The family was getting by, but there were no frills in our lives. No butter on our bread; no milk in our tea. We could not afford thermos flasks. So it had to be cold tea for school. When it rained, we did the most sensible thing to do and that was to place our school uniform in a plastic bag and get changed when we got to school. There was no regular pocket money. I would be rationed spending money on special occasions only including bus fares. I had to walk home once after a full day at the Miss Hibiscus festival because I had spent all my rationed money. No footwear either. My first footwear ever had to wait until I got to secondary school and went to Queen Victoria School (QVS) for Form 6 in 1965 because it was part of the regulation uniform for the school. Birthday celebrations? Not in my family! My first had to wait 21 years when I was at university in New Zealand. My university mates took me to a pub and shouted me beers and fish and chips wrapped in newspaper.
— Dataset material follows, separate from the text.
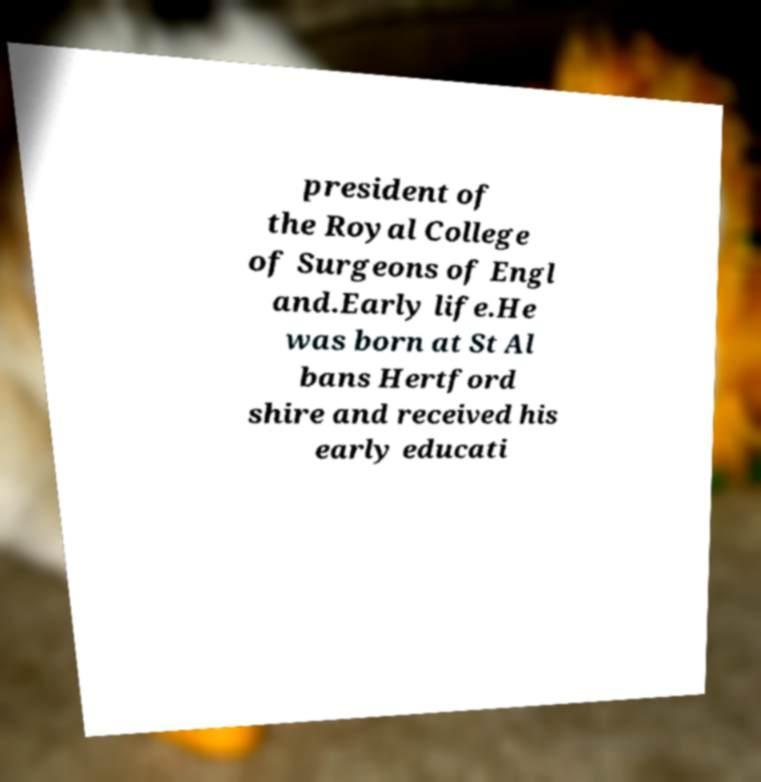What messages or text are displayed in this image? I need them in a readable, typed format. president of the Royal College of Surgeons of Engl and.Early life.He was born at St Al bans Hertford shire and received his early educati 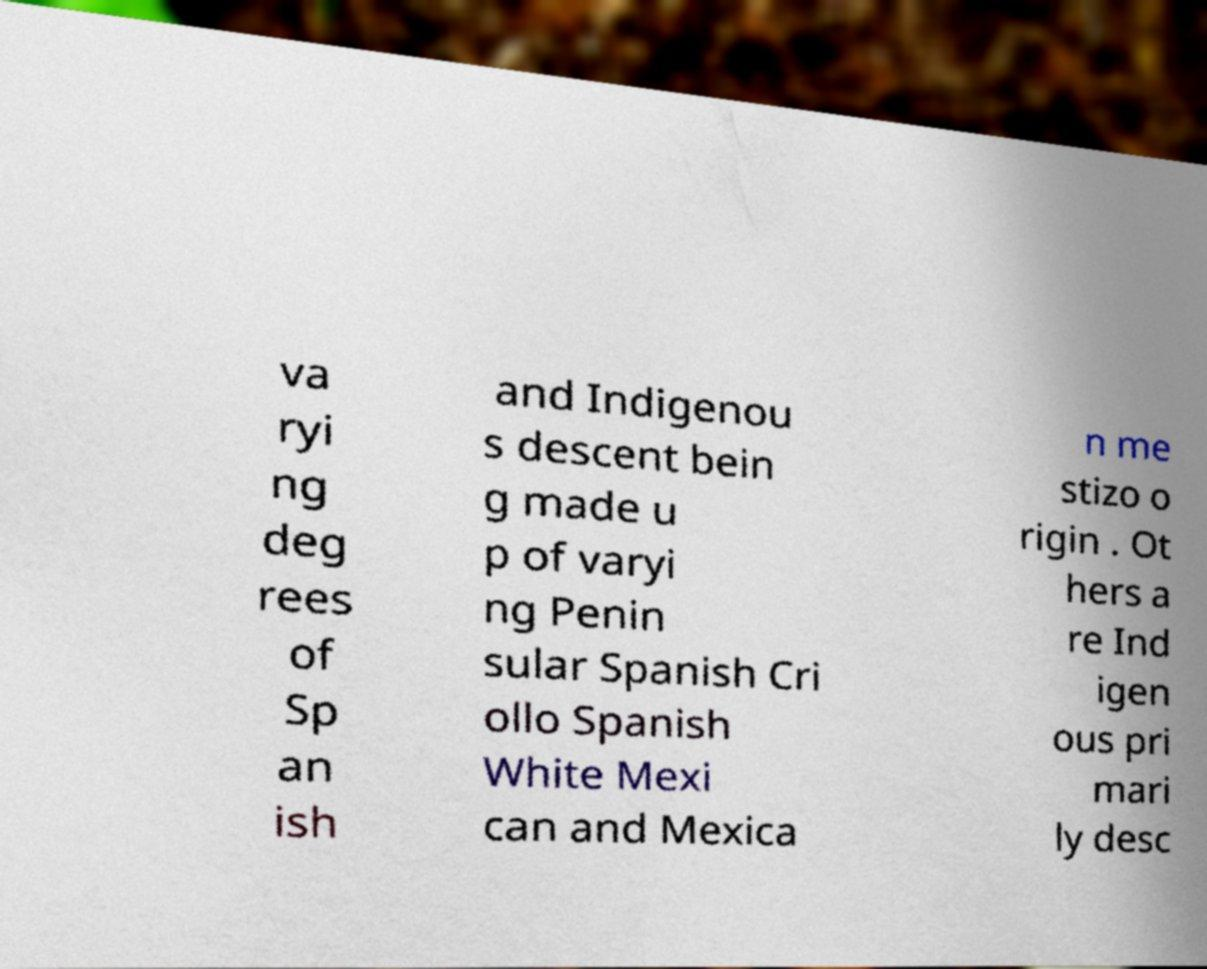I need the written content from this picture converted into text. Can you do that? va ryi ng deg rees of Sp an ish and Indigenou s descent bein g made u p of varyi ng Penin sular Spanish Cri ollo Spanish White Mexi can and Mexica n me stizo o rigin . Ot hers a re Ind igen ous pri mari ly desc

My family was always looking for opportunities to cut costs and save on our limited resources. We had moved around a bit from 1955-1958. In 1959, I was in Class 7, when another aunt on my mother’s side offered a house in Nabua Village to the family. We quickly moved there. That was the start of our longest sojourn on any one place in Suva as a family. We ended up moving to another house nearby in the village. Eventually dad built a house himself on the adjacent block. General facilities however were still shared.

That started another phase for the family. I had started secondary schooling in 1961. Finally, we could claim that we had our own house in Suva. We started home gardens when land was available in those early days. It was our turn to return some of the hospitality we had received since 1955. We offered our old house to my aunt who had kindly accommodated us on Lakeba Street. Our house in Nabua was always full of relatives. There were relatives attending schools in Suva and who were boarders at home. There were relatives who were working and also boarders at home. It was difficult sometimes to find sleeping mats. Luckily, our relatives next door were able to offer extra sleeping places. During examination times, I had to sleep and do my assignment in an aunt’s kitchen.

No frills continued.  We continued to economise. Every week, we bought sui, bones, from Leylands Butchery to cook with bele. We experimented with dhal because we could stretch it to feed the clan.

With increasing numbers of boarders at home, we were relieved to receive increasing food supplies from relatives and from the extended family in the villages and in Viti Levu also whenever they visited Suva (see for instance: ‘A Touch of Kindness Instead of being Punitive.’). A great-aunt, for instance, lived in Nasigatoka Village, Nadroga, and whenever her family came to Suva, she would send food galore and other items of great cultural value. There were of course various hand-me-downs. These were a god-send. Further god-sends came in the form of an offer from the village to pay for my school fees whilst at secondary school.

The family’s decision to seek our fortune in Suva in 1955, after being ably provisioned by subsistence affluence for decades, was a rude shock to the system and we were exposed to the reality of low wages and the struggle to make ends meet. Life was only tolerable through perseverance and dedication to the cause that had driven us to leave the comfort of the community whose collective custody for its members that had withstood the test of time was a welcome intervention worthy of much praise.